Don Graham

Personal information
- Full name: Donald Richard Graham
- Born: 3 May 1922 Barraba, New South Wales, Australia
- Died: 1 December 1953 (aged 31) Blakehurst, New South Wales, Australia

Playing information
- Position: Five-eighth
Club
| Years | Team | Pld | T | G | FG | P |
| 1946–47 | St. George | 19 | 6 | 0 | 0 | 18 |
| 1947–49 | Hunslet | 67 | 16 | 0 | 0 | 48 |
| 1949–50 | Featherstone | 9 | 3 | 0 | 0 | 9 |
| 1950–52 | Parramatta | 24 | 5 | 0 | 0 | 15 |
|  | Total | 119 | 30 | 0 | 0 | 90 |
- Source:
- Relatives: Brian Graham (brother) Philip Graham (nephew)

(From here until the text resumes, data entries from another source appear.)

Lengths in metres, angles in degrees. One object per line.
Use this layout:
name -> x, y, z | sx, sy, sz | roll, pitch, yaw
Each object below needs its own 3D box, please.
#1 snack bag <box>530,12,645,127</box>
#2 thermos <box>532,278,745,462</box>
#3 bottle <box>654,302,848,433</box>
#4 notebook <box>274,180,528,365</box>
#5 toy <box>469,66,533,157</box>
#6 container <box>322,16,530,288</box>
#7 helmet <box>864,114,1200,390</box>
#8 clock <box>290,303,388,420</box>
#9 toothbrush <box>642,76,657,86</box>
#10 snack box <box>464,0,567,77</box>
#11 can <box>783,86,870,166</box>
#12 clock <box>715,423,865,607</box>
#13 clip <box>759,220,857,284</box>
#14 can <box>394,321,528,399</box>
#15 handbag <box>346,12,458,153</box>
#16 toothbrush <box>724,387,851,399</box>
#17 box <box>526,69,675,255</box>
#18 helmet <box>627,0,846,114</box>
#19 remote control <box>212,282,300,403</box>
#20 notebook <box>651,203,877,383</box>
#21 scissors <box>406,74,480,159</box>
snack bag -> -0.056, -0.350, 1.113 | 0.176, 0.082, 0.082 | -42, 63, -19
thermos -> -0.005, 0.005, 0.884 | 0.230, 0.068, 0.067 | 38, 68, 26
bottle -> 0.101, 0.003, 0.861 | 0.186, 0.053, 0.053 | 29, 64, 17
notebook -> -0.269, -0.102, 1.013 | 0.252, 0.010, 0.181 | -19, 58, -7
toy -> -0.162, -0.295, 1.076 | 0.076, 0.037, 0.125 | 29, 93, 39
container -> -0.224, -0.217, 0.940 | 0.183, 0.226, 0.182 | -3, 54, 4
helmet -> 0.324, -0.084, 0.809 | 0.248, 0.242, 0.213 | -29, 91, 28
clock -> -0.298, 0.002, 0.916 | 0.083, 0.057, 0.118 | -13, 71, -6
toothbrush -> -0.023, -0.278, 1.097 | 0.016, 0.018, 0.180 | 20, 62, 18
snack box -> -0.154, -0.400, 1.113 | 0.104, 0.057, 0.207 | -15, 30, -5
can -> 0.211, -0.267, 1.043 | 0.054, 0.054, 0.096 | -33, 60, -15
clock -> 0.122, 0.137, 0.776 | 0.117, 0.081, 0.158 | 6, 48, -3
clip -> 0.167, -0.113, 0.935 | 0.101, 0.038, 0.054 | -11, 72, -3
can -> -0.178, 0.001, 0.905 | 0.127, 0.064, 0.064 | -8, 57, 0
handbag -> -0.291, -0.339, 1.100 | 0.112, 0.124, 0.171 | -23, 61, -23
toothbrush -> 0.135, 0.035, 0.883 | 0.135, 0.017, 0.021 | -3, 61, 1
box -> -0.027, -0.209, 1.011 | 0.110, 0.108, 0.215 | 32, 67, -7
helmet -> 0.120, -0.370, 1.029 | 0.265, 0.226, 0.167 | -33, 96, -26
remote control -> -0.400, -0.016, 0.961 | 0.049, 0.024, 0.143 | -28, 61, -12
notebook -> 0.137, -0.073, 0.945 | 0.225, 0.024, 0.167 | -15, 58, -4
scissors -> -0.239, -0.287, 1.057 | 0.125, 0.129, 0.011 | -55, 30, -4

= Don Graham (rugby league) =

Australian rugby league footballer

Donald Richard Graham (3 May 1922 – 1 December 1953) was an Australian rugby league player who played in the 1940s and 1950s.

==Career==
Originally from Tamworth, New South Wales and after being discharged from the Army, Graham began his Sydney league career in 1946. He played two seasons for St. George between 1946 and 1947 (including the 1946 Grand Final), moving to England he played for Hunslet and Featherstone Rovers, moving back to Australia he played for Parramatta for three seasons between 1950 and 1952.

==Death==
Graham died in Blakehurst, New South Wales on 1 December 1953 from cancer, aged 31.